Nathan Williams
- Born: 5 April 1976 (age 49)
- Height: 185 cm (6 ft 1 in)
- Weight: 90 kg (198 lb)

Rugby union career
- Position(s): Fullback / Wing

Senior career
- Years: Team / Apps / (Points)
- 2001–02: Stade Français /  / ()
- 2002–03: Harlequins /  / ()
- 2004–07: Yamaha Jubilo /  / ()

Super Rugby
- Years: Team / Apps / (Points)
- 1998–04: Reds / 36 / (32)

= Nathan Williams (rugby union, born 1976) =

Australian rugby union player (born 1976)

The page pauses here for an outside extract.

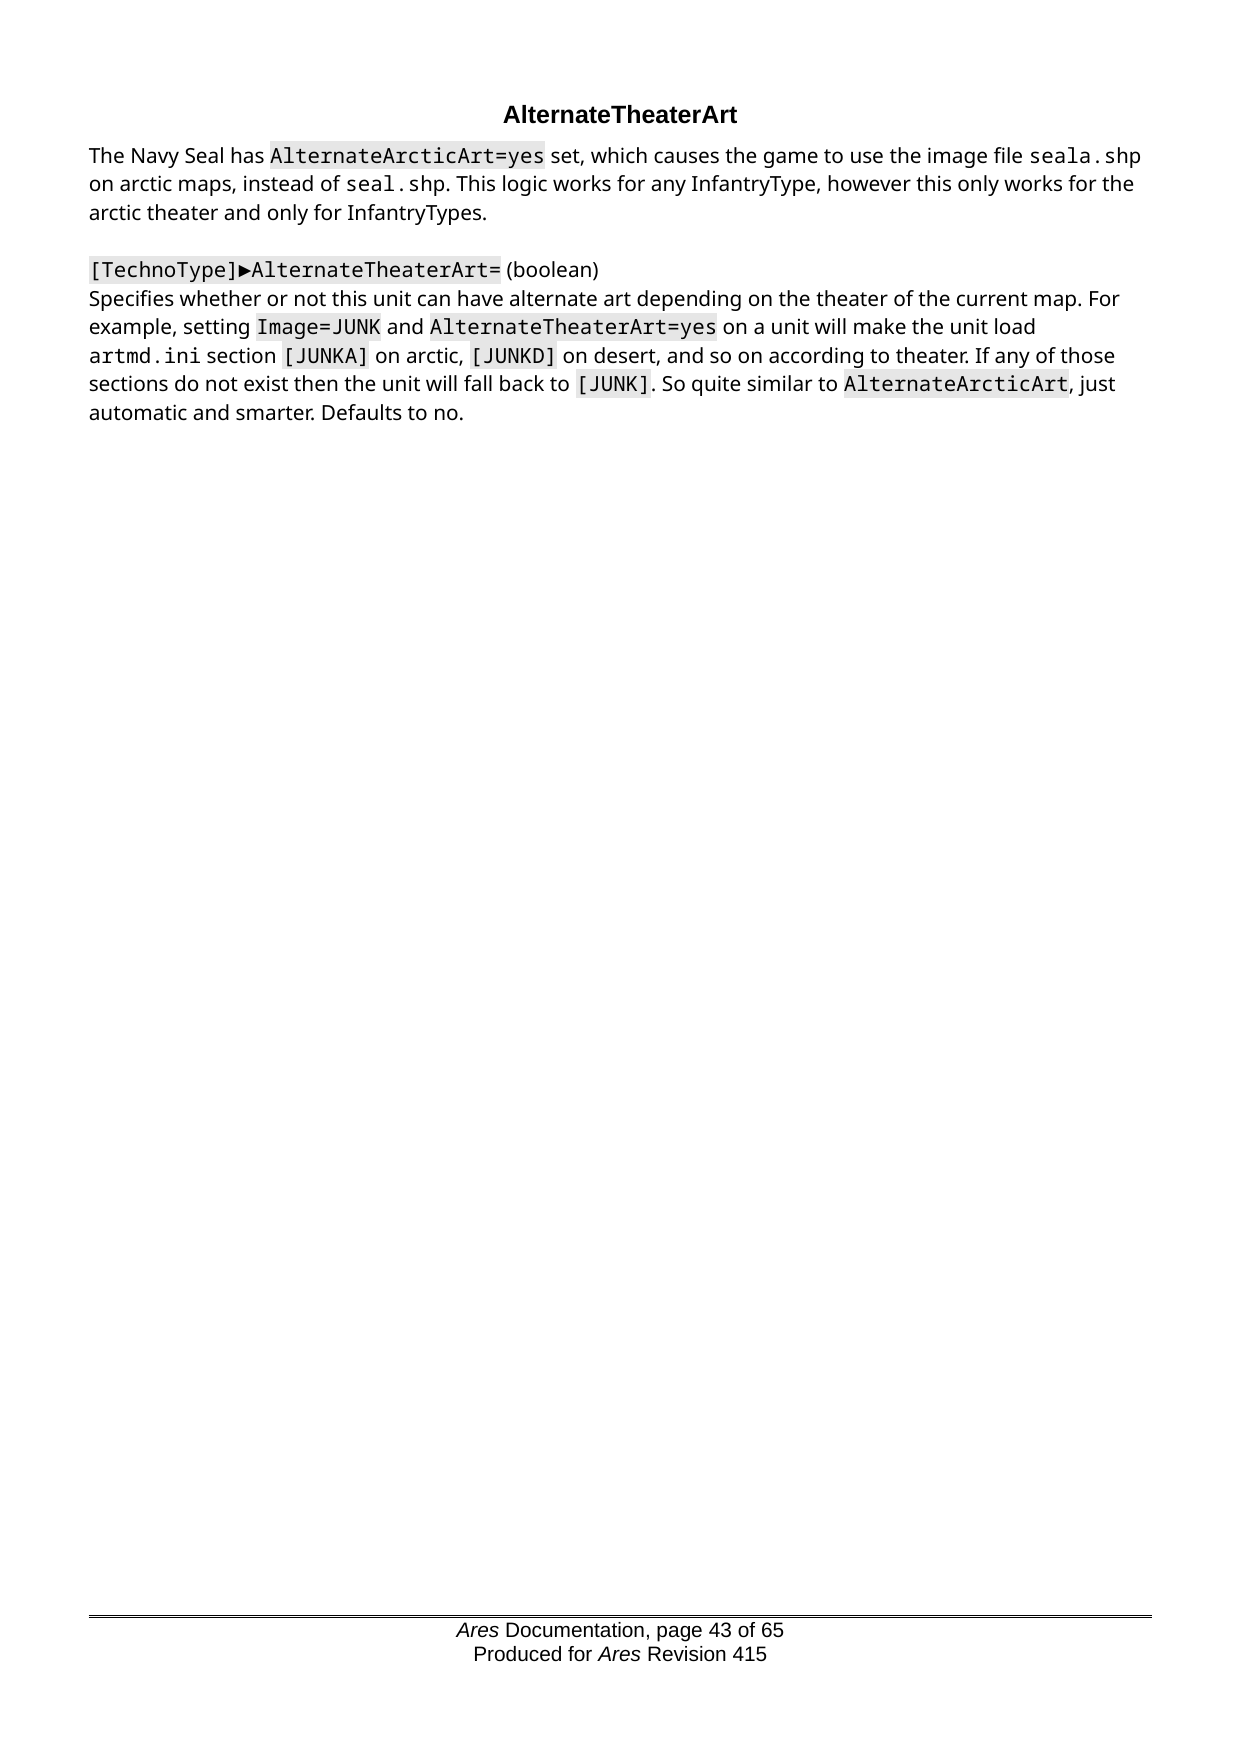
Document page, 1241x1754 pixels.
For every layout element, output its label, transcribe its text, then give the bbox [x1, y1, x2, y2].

text [TechnoType]►AlternateTheaterArt= (boolean) Specifies whether or not this unit can have alternate art depending on the theater of the current map. For example, setting Image=JUNK and AlternateTheaterArt=yes on a unit will make the unit load artmd.ini section [JUNKA] on arctic, [JUNKD] on desert, and so on according to theater. If any of those sections do not exist then the unit will fall back to [JUNK]. So quite similar to AlternateArcticArt, just automatic and smarter. Defaults to no. [88, 256, 1152, 426]
text The Navy Seal has AlternateArcticArt=yes set, which causes the game to use the image file seala.shp on arctic maps, instead of seal.shp. This logic works for any InfantryType, however this only works for the arctic theater and only for InfantryTypes. [88, 141, 1152, 226]
subtitle AlternateTheaterArt [88, 100, 1152, 129]

Nathan Williams (born 5 April 1976) is an Australian former professional rugby union player.

==Rugby career==
An Australia u-21s representative, Williams was primarily a fullback and winger, who played several seasons with the Queensland Reds in the Super 12. He scored two tries in a win over the NSW Waratahs in 2000 and was the top try scorer for the Reds in the 2001 season. From 2001 to 2003, Williams had overseas stints with Stade Français and Harlequins, then made a brief return at the Reds in 2004, before joining Japanese professional rugby.

==Personal life==
Williams is the ex-husband of television presenter Tania Zaetta.